▶ **THE TASK**: The answer is every line in the data below that contains the word "fewer".

▶ **INPUT MATERIAL**:
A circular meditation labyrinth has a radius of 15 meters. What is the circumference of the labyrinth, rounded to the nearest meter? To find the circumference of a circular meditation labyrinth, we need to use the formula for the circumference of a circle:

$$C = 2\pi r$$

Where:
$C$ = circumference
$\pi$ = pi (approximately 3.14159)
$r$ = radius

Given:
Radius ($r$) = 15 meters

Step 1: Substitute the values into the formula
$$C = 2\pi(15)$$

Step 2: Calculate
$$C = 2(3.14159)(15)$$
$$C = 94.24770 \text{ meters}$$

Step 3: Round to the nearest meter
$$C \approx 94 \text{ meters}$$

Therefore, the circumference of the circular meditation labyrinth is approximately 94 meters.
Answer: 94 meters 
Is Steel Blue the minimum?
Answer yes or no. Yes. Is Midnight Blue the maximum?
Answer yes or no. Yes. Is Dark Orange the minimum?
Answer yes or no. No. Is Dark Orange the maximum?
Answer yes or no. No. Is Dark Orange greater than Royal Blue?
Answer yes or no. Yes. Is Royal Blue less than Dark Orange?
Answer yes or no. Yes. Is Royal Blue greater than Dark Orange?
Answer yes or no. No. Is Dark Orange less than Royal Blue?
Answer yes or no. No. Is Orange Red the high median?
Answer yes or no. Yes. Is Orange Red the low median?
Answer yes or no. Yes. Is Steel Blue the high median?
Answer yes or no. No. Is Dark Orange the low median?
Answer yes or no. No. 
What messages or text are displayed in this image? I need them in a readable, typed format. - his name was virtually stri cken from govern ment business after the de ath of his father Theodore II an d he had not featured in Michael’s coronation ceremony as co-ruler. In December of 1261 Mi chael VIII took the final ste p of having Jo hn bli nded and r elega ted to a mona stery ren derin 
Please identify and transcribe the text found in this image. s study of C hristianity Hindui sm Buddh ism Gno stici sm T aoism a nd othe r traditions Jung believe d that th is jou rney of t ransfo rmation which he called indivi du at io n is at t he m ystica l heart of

---

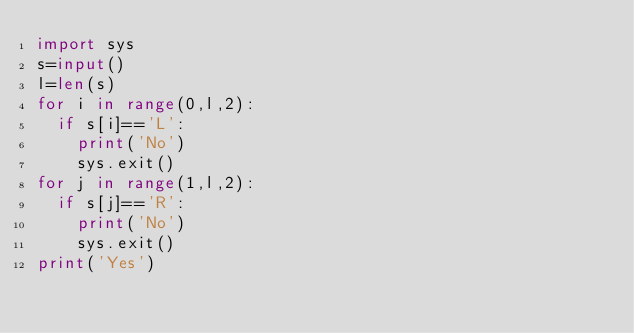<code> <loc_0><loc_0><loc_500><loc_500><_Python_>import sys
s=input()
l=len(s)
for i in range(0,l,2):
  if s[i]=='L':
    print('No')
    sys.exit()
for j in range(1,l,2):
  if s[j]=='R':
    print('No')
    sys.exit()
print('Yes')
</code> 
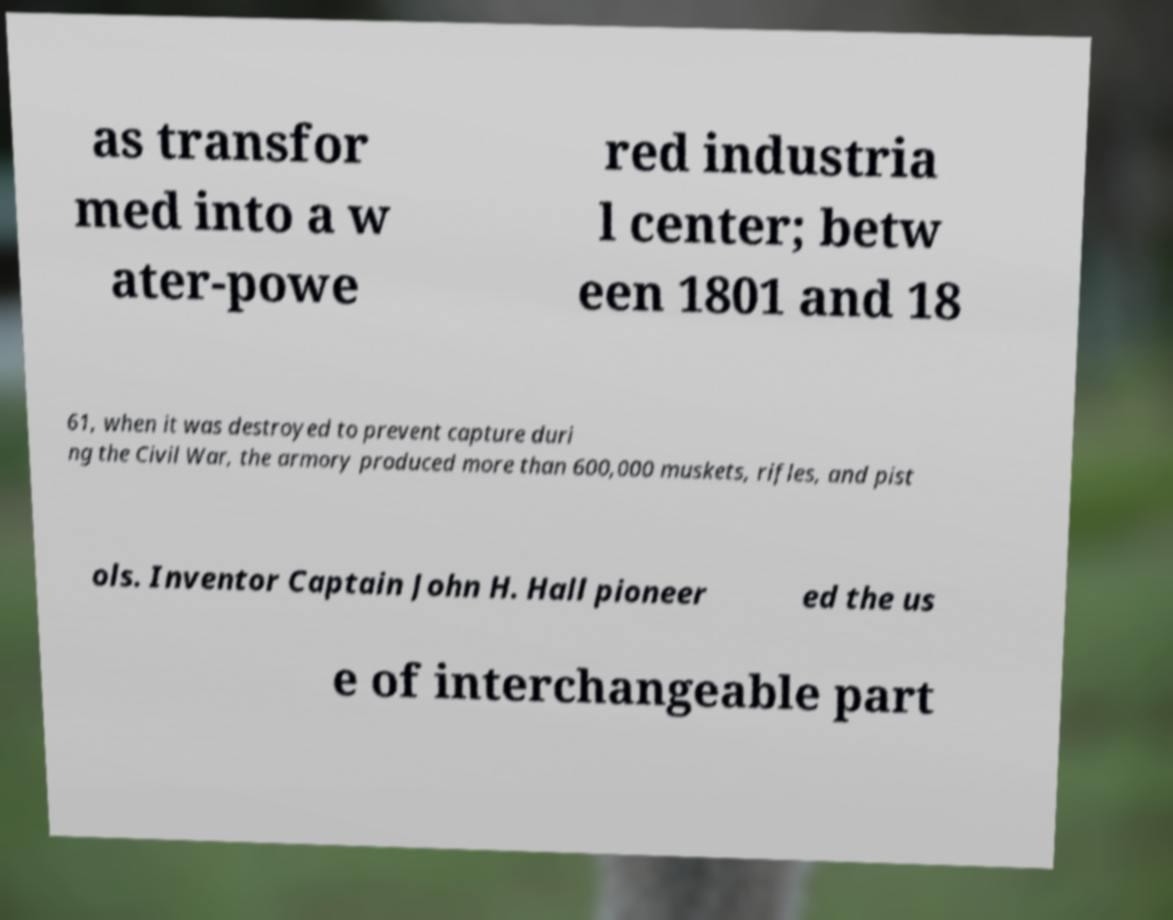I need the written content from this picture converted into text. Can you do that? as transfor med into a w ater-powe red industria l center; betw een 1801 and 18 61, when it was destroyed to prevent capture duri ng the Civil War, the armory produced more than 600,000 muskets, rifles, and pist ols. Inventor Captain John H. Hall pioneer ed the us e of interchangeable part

---

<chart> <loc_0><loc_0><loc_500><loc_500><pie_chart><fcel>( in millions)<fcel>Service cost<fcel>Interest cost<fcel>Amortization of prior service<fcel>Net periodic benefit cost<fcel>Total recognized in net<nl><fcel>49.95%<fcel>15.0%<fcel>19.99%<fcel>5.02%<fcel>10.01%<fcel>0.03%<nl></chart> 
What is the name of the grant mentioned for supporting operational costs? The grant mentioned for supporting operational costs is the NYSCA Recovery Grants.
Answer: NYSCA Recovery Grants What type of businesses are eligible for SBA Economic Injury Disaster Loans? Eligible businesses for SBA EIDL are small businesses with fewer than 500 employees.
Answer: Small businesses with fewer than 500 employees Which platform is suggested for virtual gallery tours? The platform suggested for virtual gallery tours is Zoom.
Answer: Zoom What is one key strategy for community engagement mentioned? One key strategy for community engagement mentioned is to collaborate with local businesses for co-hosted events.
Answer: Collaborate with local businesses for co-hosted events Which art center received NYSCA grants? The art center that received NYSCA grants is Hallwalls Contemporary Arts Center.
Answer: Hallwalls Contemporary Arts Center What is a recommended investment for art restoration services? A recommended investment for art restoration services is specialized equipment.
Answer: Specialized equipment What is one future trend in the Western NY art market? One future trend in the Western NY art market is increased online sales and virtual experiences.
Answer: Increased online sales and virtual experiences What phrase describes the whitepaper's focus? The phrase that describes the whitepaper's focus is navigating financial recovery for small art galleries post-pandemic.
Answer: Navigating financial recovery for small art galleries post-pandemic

▶ **WORKED SOLUTION**:
Answer: NYSCA Recovery Grants What type of businesses are eligible for SBA Economic Injury Disaster Loans? Eligible businesses for SBA EIDL are small businesses with fewer than 500 employees.
Answer: Small businesses with fewer than 500 employees Which platform is suggested for virtual gallery tours? The platform suggested for virtual gallery tours is Zoom.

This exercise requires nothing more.